**YOUR GOAL:** Within the material below, locate the line with "12) cardboard box [417,4,432,7]" and the line with "27) cardboard box [1287,79,1327,89]", then return those two lines and all lines between them, exactly as written.

**DATA TO PROCESS:**
^^^^^^^^

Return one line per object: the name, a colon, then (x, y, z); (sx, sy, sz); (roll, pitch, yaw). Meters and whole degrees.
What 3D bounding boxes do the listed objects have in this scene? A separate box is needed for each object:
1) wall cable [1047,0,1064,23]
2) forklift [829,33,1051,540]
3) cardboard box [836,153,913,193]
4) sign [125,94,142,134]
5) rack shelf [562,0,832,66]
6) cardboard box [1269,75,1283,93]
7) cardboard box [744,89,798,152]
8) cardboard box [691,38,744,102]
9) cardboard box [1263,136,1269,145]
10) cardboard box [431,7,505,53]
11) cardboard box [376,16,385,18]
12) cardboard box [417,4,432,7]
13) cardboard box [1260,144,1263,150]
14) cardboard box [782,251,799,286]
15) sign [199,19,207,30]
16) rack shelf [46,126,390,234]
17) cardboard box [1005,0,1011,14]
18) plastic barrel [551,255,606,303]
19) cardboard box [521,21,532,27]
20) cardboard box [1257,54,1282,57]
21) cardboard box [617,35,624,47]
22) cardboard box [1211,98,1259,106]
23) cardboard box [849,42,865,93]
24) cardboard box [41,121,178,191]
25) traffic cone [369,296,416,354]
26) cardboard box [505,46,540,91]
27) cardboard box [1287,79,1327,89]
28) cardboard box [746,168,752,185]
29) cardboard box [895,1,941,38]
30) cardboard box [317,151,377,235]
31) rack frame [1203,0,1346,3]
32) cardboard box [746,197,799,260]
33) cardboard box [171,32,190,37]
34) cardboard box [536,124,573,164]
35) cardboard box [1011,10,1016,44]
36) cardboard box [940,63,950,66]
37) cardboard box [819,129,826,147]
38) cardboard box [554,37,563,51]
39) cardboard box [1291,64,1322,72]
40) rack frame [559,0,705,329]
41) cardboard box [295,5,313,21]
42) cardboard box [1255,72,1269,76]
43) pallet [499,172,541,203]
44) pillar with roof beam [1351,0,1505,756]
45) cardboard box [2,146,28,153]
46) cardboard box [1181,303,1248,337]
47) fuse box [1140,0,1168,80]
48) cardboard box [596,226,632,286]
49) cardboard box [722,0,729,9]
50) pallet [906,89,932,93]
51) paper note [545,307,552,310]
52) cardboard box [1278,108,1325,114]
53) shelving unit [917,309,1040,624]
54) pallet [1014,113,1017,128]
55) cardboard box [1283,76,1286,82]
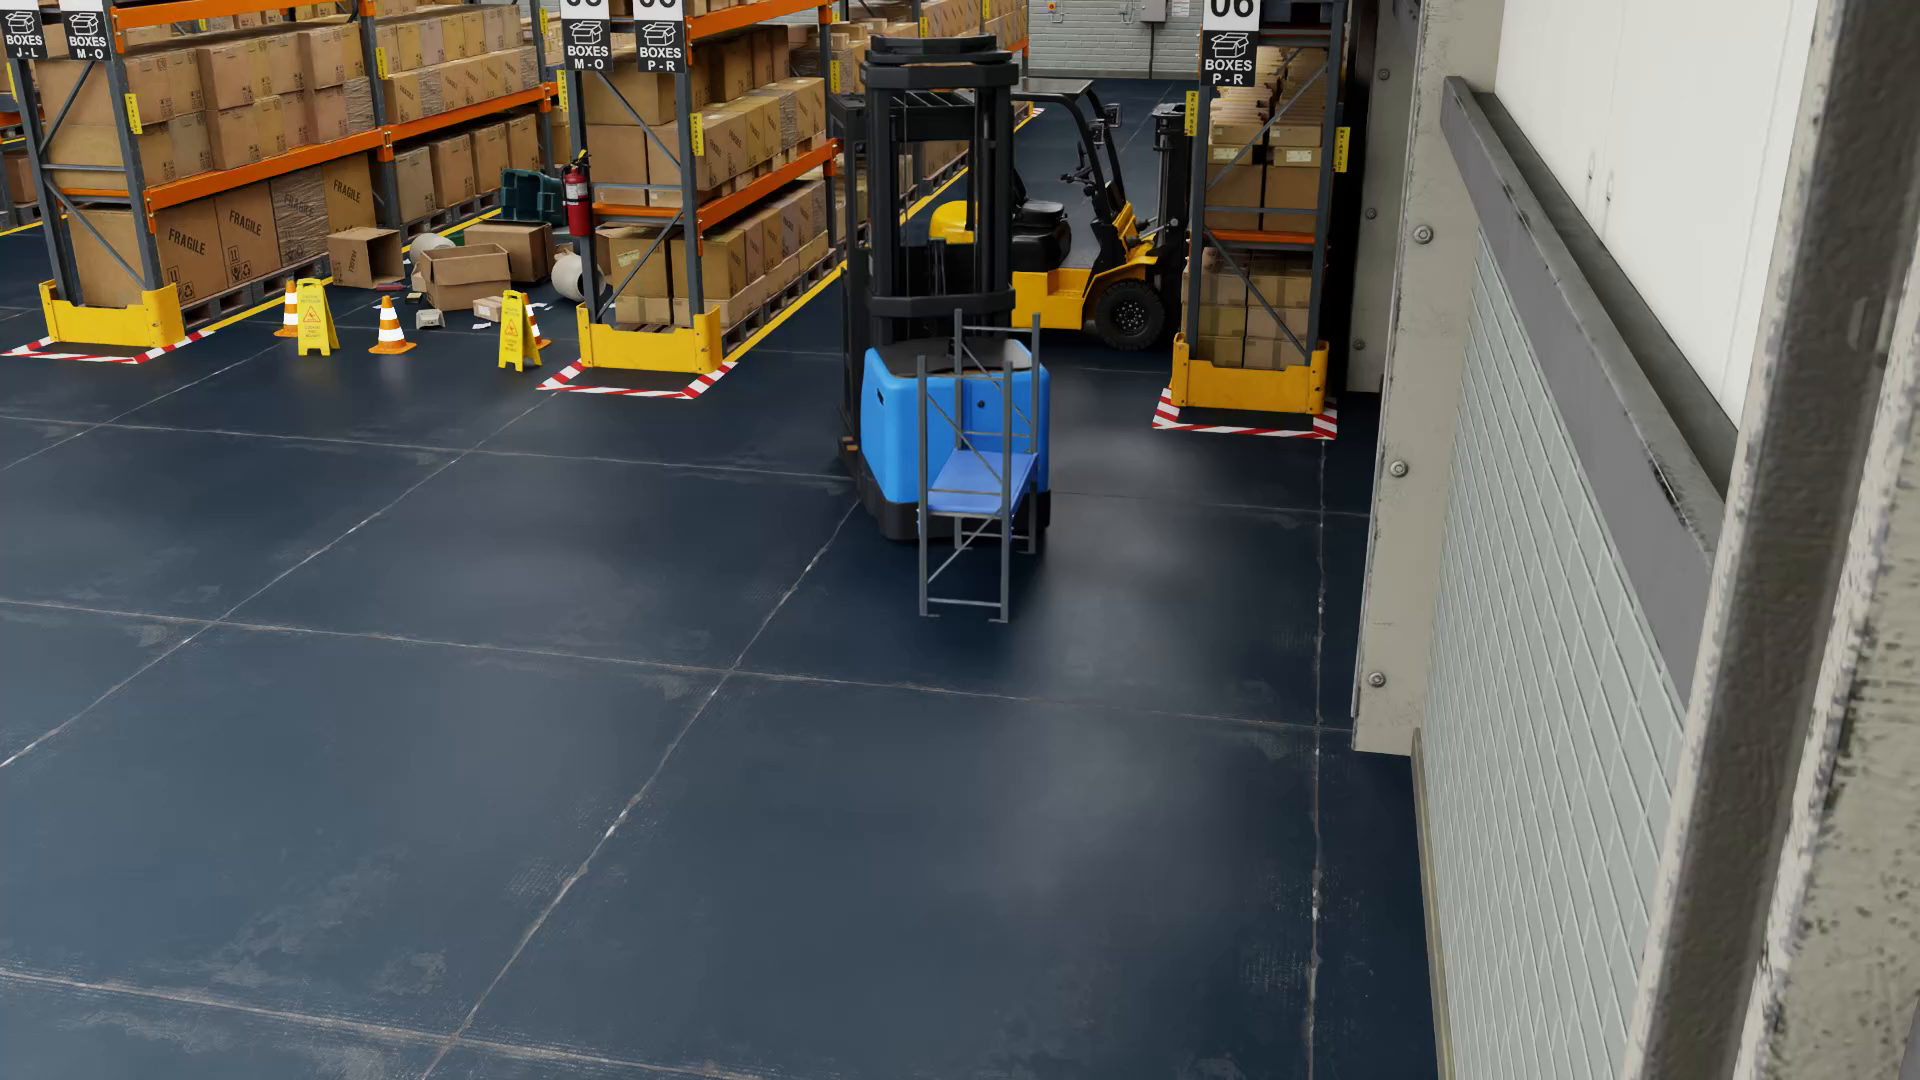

^^^^^^^^

**EXERCISE RESPONSE:**
12) cardboard box [417,4,432,7]
13) cardboard box [1260,144,1263,150]
14) cardboard box [782,251,799,286]
15) sign [199,19,207,30]
16) rack shelf [46,126,390,234]
17) cardboard box [1005,0,1011,14]
18) plastic barrel [551,255,606,303]
19) cardboard box [521,21,532,27]
20) cardboard box [1257,54,1282,57]
21) cardboard box [617,35,624,47]
22) cardboard box [1211,98,1259,106]
23) cardboard box [849,42,865,93]
24) cardboard box [41,121,178,191]
25) traffic cone [369,296,416,354]
26) cardboard box [505,46,540,91]
27) cardboard box [1287,79,1327,89]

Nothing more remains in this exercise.